Instructions to follow | Write out the data that follows exactly, keeping every picture out.

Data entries
■ ■ ■ ■ ■ ■ ■

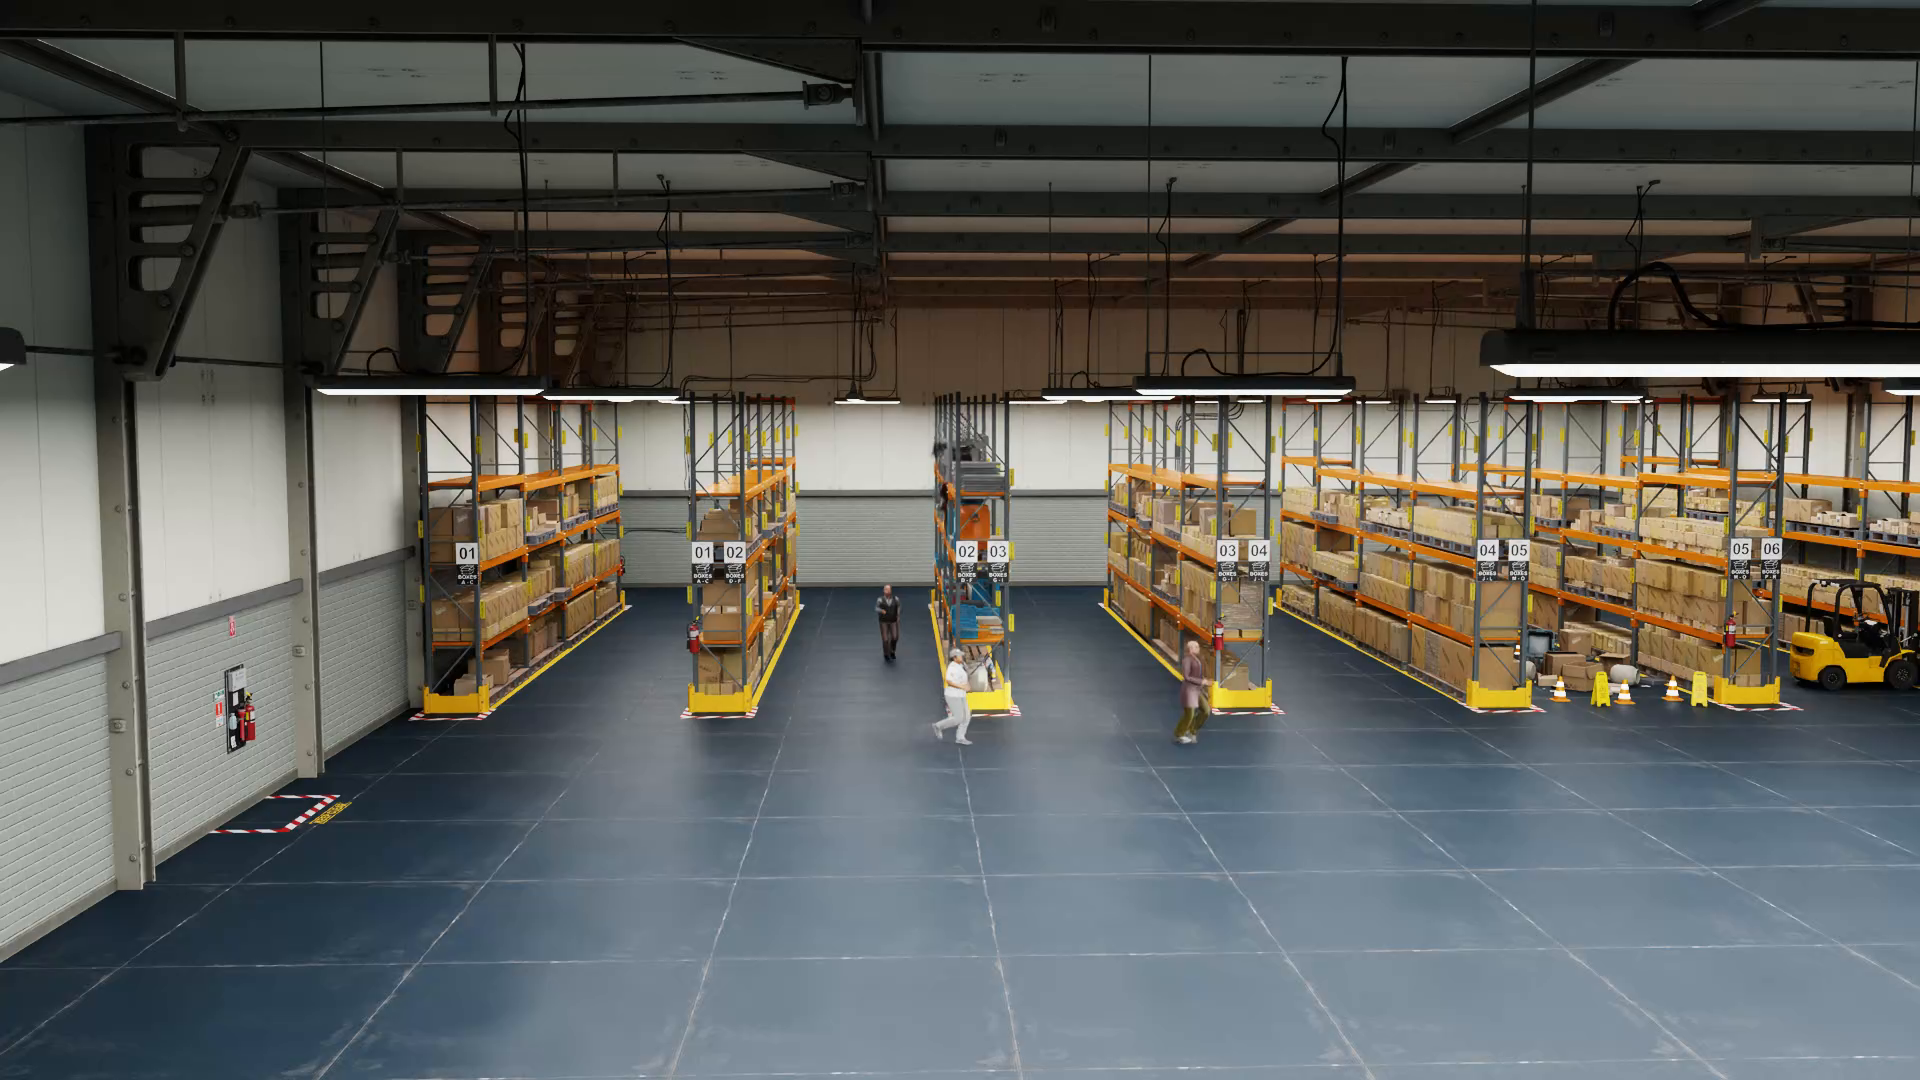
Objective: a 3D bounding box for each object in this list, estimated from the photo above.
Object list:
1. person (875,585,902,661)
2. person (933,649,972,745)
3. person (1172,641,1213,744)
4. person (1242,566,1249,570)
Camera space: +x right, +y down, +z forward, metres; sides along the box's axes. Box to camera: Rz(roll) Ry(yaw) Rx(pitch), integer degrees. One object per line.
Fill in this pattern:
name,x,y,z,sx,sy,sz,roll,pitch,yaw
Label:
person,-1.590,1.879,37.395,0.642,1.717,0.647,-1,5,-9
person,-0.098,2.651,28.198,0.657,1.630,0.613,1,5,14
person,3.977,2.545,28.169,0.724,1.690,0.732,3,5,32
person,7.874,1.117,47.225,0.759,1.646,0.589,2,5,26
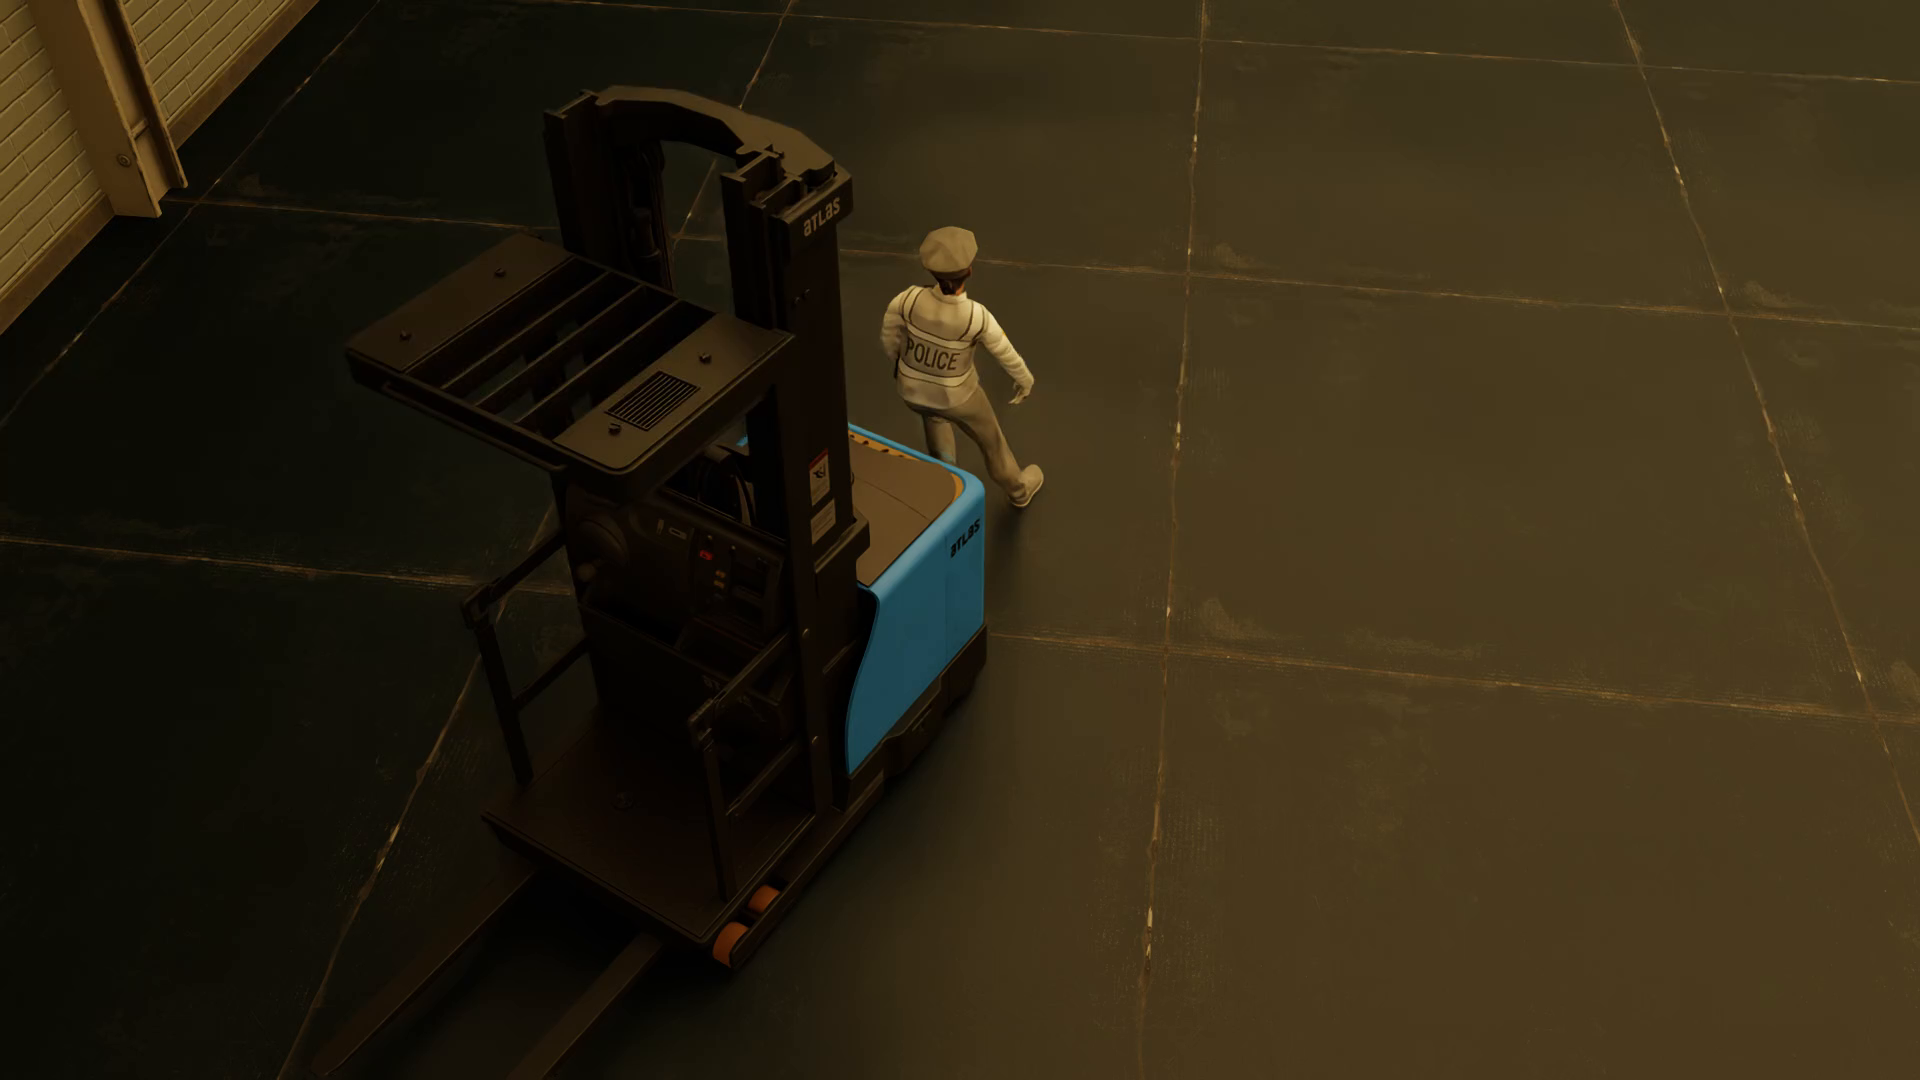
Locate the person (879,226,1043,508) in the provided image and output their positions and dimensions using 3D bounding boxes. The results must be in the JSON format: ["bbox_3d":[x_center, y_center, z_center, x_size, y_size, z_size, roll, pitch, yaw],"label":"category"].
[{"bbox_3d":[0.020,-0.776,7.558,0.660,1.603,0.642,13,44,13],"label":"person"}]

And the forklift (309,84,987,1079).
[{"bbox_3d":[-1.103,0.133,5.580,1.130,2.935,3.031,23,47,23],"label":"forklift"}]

■ ■ ■ ■ ■ ■ ■

Output for this task |
Objective: a 3D bounding box for each object in this list, estimated from the photo above.
Object list:
1. person (875,585,902,661)
2. person (933,649,972,745)
3. person (1172,641,1213,744)
4. person (1242,566,1249,570)
Camera space: +x right, +y down, +z forward, metres; sides along the box's axes. Box to camera: Rz(roll) Ry(yaw) Rx(pitch), integer degrees. One object per line.
Fill in this pattern:
name,x,y,z,sx,sy,sz,roll,pitch,yaw
Label:
person,-1.590,1.879,37.395,0.642,1.717,0.647,-1,5,-9
person,-0.098,2.651,28.198,0.657,1.630,0.613,1,5,14
person,3.977,2.545,28.169,0.724,1.690,0.732,3,5,32
person,7.874,1.117,47.225,0.759,1.646,0.589,2,5,26
Locate the person (879,226,1043,508) in the provided image and output their positions and dimensions using 3D bounding boxes. The results must be in the JSON format: ["bbox_3d":[x_center, y_center, z_center, x_size, y_size, z_size, roll, pitch, yaw],"label":"category"].
[{"bbox_3d":[0.020,-0.776,7.558,0.660,1.603,0.642,13,44,13],"label":"person"}]

And the forklift (309,84,987,1079).
[{"bbox_3d":[-1.103,0.133,5.580,1.130,2.935,3.031,23,47,23],"label":"forklift"}]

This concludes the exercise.